Intervention de Muguette Dini

Réunion du 21 décembre 2009 à 14h30
Représentation devant les cours d'appel — Discussion d'un projet de loi

Photo de Muguette DiniMuguette Dini :

Monsieur le président, madame le garde des sceaux, mes chers collègues, aux termes de l’article L. 1231-1 du code du travail, le contrat de travail à durée indéterminée peut être rompu sur l’initiative de l’employeur ou du salarié.

Schématiquement, lorsque la rupture du contrat résulte de la volonté du salarié, il s’agit d’une démission. En revanche, celle qui résulte de l’initiative de l’employeur constitue un licenciement.

Le code du travail prévoit deux cas de licenciement : le licenciement pour motif personnel et le licenciement pour motif économique. Dans le premier cas, c’est le manquement du salarié qui est sanctionné. Dans le second, le licenciement est dicté par des difficultés économiques, la suppression ou la transformation d’emplois.

Vous l’avez compris, madame le garde des sceaux, je concentrerai mon propos sur le sort du personnel des études d’avoués. Ces salariés seront licenciés alors qu’ils n’ont pas commis de faute, alors qu’aucune raison économique ne l’impose. Les représentants des avoués emploient l’expression de « licenciement politique ».

M. le rapporteur parle, quant à lui, de « licenciement du fait de la loi », de « licenciement pour motif économique survenant en conséquence directe de la loi », ou encore de « licenciement venant en conséquence de la réforme ».

Au-delà de ces considérations sémantiques, ce sont, vous le savez, 1 650 salariés d’une moyenne d’âge de quarante-trois ans, dont 90 % de femmes – elles cumulent tous les handicaps ! –, qui se retrouveront en recherche d’emploi, dans un contexte économique plus que défavorable, contraints d’accepter une mobilité géographique et, surtout, une baisse de revenus.

Nous savons tous que les avocats, ployant déjà sous les charges patronales, se montrent peu enclins à embaucher du personnel supplémentaire, dont la qualification et la spécificité ne correspondent pas forcément à leur attente.

Le décompte établi par M. le rapporteur montre bien que la situation s’annonce critique pour une grande moitié de ces salariés, qui n’auront, au moment de leur licenciement, aucune perspective immédiate d’emploi.

Pour l’autre moitié, l’avenir se conjugue au conditionnel : 170 collaborateurs juristes bénéficieraient de passerelles vers d’autres professions, 350 salariés pourraient accompagner leur ancien employeur devenu avocat, 380 salariés seraient recrutés par le ministère de la justice et affectés aux greffes des juridictions, mais essentiellement dans le cadre d’emplois de catégorie B et C.

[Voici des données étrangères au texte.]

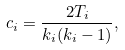<formula> <loc_0><loc_0><loc_500><loc_500>c _ { i } = \frac { 2 T _ { i } } { k _ { i } ( k _ { i } - 1 ) } ,</formula>

La présidente de la commission des affaires sociales que je suis s’est montrée attentive aux mesures de licenciement et d’accompagnement prévues pour ces 800 salariés assurément licenciés. Quelles sont-elles ? Des indemnités de licenciement plus élevées que celles qui sont prévues dans le cadre du régime légal de licenciement économique, fondées sur un mois de salaire par année d’ancienneté et directement versées par le fonds d’indemnisation créé à cet effet ; une convention de reclassement et d’accompagnement personnalisée ; une indemnité exceptionnelle de reconversion pour ceux des salariés qui trouveraient un nouvel emploi avant d’être licenciés.

Il se murmure ça et là que ces mesures sont plus que satisfaisantes. Je ne suis pas d’accord !

Avec plusieurs de mes collègues de l’Union centriste, j’ai déposé un amendement instaurant une indemnité exceptionnelle de reconversion d’un montant égal à l’indemnité majorée de licenciement. Ces salariés ne sont-ils pas tous contraints de renoncer à leur emploi ? Tous doivent donc bénéficier d’une indemnisation équivalente. Je regrette alors que nous nous soyons vu opposer l’irrecevabilité au titre de l’article 40 de la Constitution. Le législateur que nous sommes se doit de prévoir une juste indemnisation des salariés qui seront licenciés du fait de cette réforme.

Je terminerai mon développement par un point qui me semble fondamental : la période transitoire préalable à l’entrée en vigueur de cette nouvelle organisation.

Je ne partage pas l’analyse selon laquelle la réduction de cette période de transition permettrait d’humaniser la réforme en ne laissant personne dans l’incertitude. Une fois la loi votée, il n’y aura plus d’incertitude. Les avoués devront se reconvertir et les salariés se reclasser. Mais pour cela, il leur faut du temps. Et ce temps, le groupe de l’Union centriste est convaincu qu’il doit être au minimum d’une durée de deux ans.

Une nouvelle vie professionnelle, à marche forcée, ne se prépare pas en à peine huit mois.